If Illinois’ artists felt at a disadvantageous remove from New York, the same cannot be said of the state’s craftsmen and designers, who by the second half of the Nineteenth Century were prominent in the manufacture of furniture, ceramics and metalwork. Illinois’ industrial clout was, in fact, the implicit message of the World’s Columbian Exposition when it opened in Chicago in 1893.
For Darling, the go-to authority on Chicago decorative arts, familiarizing herself with art beyond the Second City was both a challenge and a reward. “I worked very hard to show representative examples from throughout the state. I wanted to borrow from local museums and historical societies. What I learned broadened my perspective,” she says.
Limited by space, Darling arranged much of the decorative art in “Art of Illinois” upstairs in the central stair hall and former bedrooms of the mansion. Bedroom and parlor furniture made by the German American immigrant William H. Bartels (1848-1932) for Governor Altgeld is an attraction, just as it was when it was a centerpiece of the Illinois Building at the World’s Columbian Exposition. Governor James R. Thompson reacquired the pieces on behalf of the state at auction in 1980.
“Art of Illinois” captures the long span of the state’s ceramics tradition, moving from millennium-old pottery excavated in Fulton County to dinnerware decorated by Eva Zeisel for Western Stoneware in 1953. Darling sheds new light on the little-known Norse Pottery Company, which between 1903 and 1912 created glazed earthenware forms inspired by ancient bronze relics excavated in Scandinavia. Danish potters Thorvald P.A. Samson and Louis Ipsen founded Norse in Rockford, a Scandinavian American community also known for its furniture, in 1904 with underwriting from merchant Arthur W. Wheelock.
The curator was in her element when it came to Arts and Crafts movement design, a particularly rich subject in Illinois. Art wares by Gates Potteries, which manufactured Teco wares, and Haeger Potteries join silver by the Kalo Shop, co-founded by Clara Barck Welles (1868-1965) and five female graduates of the School of the Art Institute of Chicago in 1900. The coiled and plaited surface of an Anasazi basket inspired the most striking piece of silver on view, a punchbowl made by Scottish-born Robert Riddle Jarvie (1865-1941) in 1910 for members of the Cliff Dwellers Club to use in their dining room, called the Kiva.
Darling closes with an observation on the cyclical nature of design history, noting the return, in the form of the studio craft, of unique and handmade objects following the decline of industrial-scale manufacturing in the state.

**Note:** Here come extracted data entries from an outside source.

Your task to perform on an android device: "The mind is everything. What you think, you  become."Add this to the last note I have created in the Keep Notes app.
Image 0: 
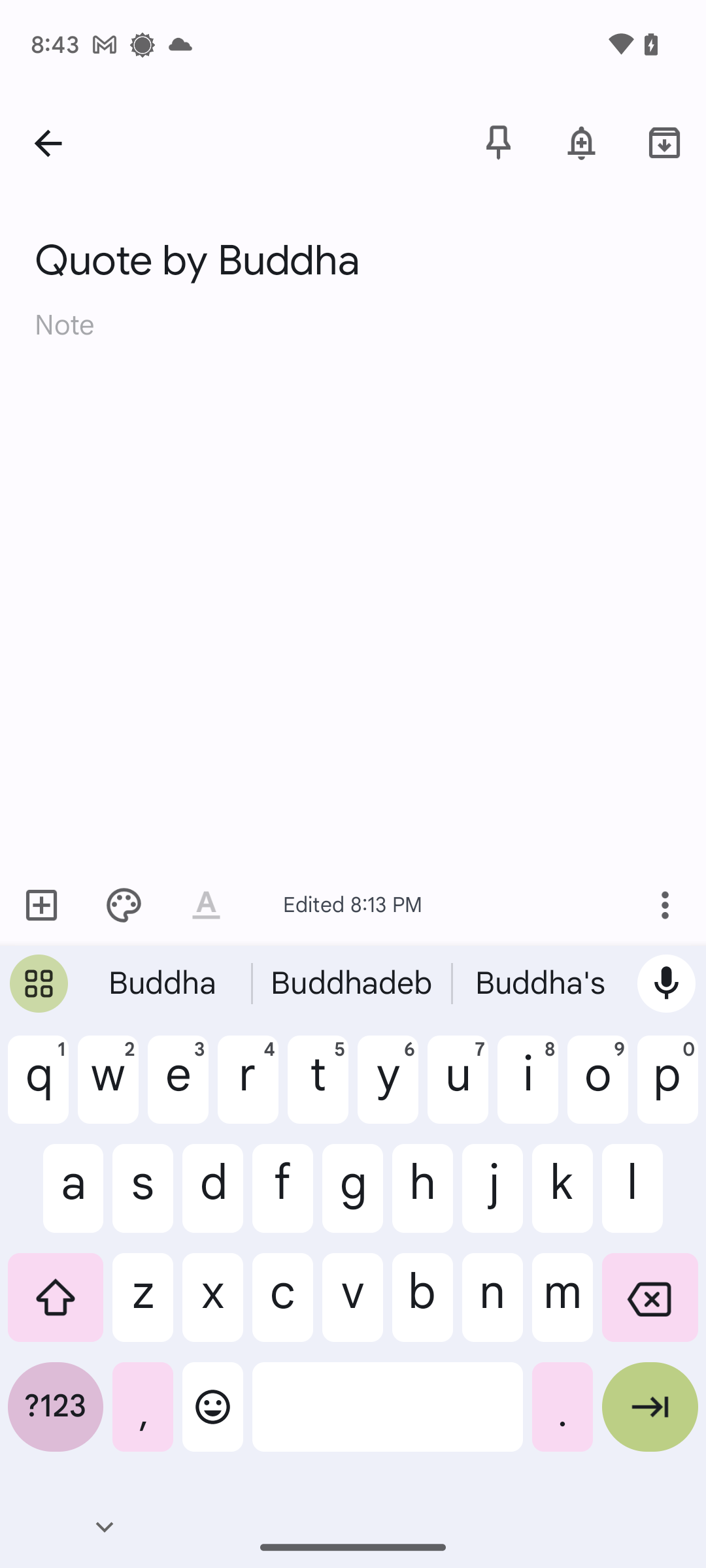
Click on the note section.
Step 0: click (353, 343)
Image 1: 
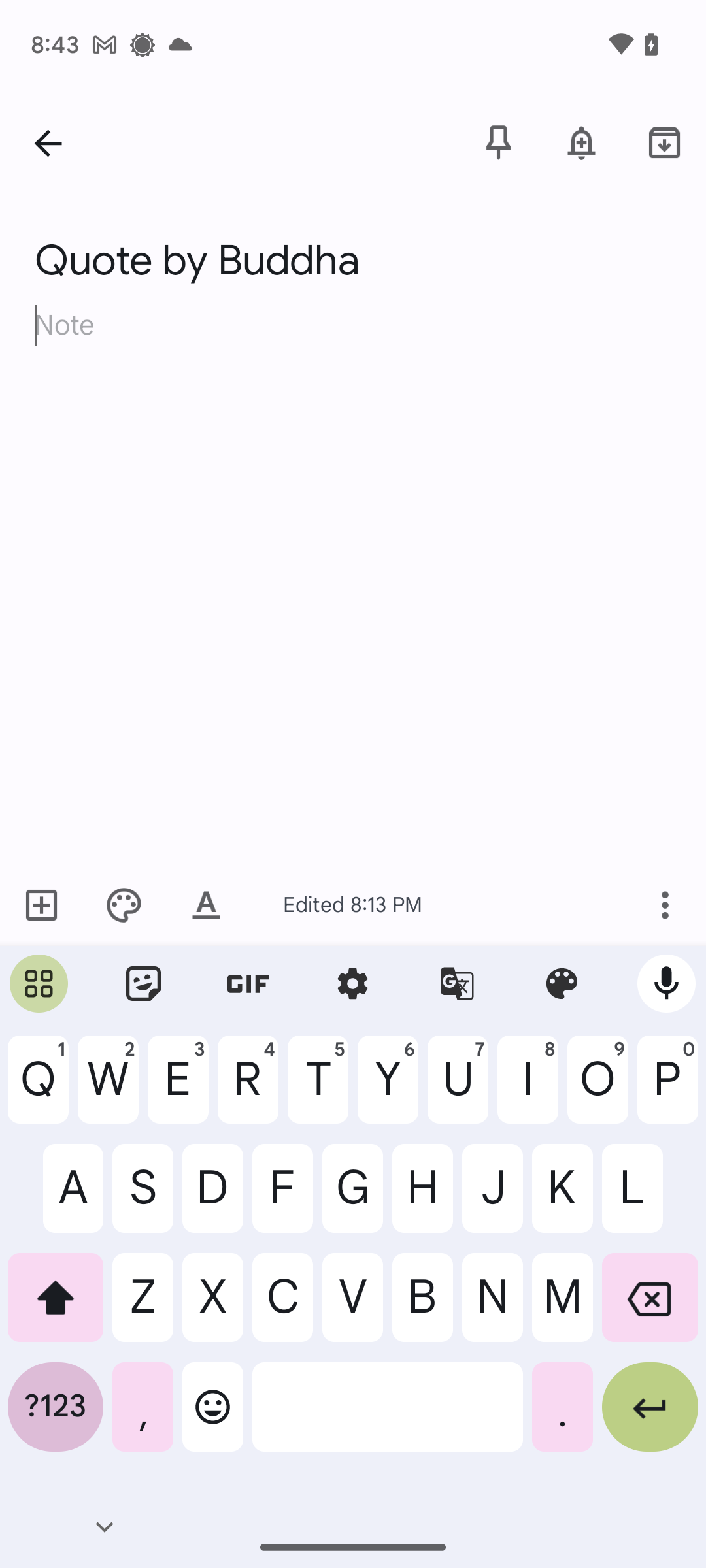
Type in "The mind is everything. What you think, you  become."
Step 1: type ""The mind is everything. What you think, you  become.""

On July 14, in this year commemorating the 200th anniversary of Illinois statehood, Governor and Mrs Rauner welcomed visitors to the newly refurbished mansion for the first of regular tours exploring the history of the state through the lens of leadership, art, artifacts and architecture.
“After two years of construction, programming additions and partnering with local vendors and contractors to complete this work, it is very fulfilling for us to know that the people of Illinois can share this space. Reimagined as a place where visitors can experience Illinois history and art, the mansion can now fulfill its promise in the historic community of our state capital,” the First Lady said at the time. She told Antiques and The Arts Weekly that completing the new education center was for her the most satisfying part of the project, noting “Education is my and Governor Rauner’s passion. My highest priority was to ensure that the restored mansion would be meaningful and inspiring to visitors, especially schoolchildren.”
“Art of Illinois” is on view through May 2019. Tours are offered daily. The Art of Illinois catalog is $25 plus $4 handling.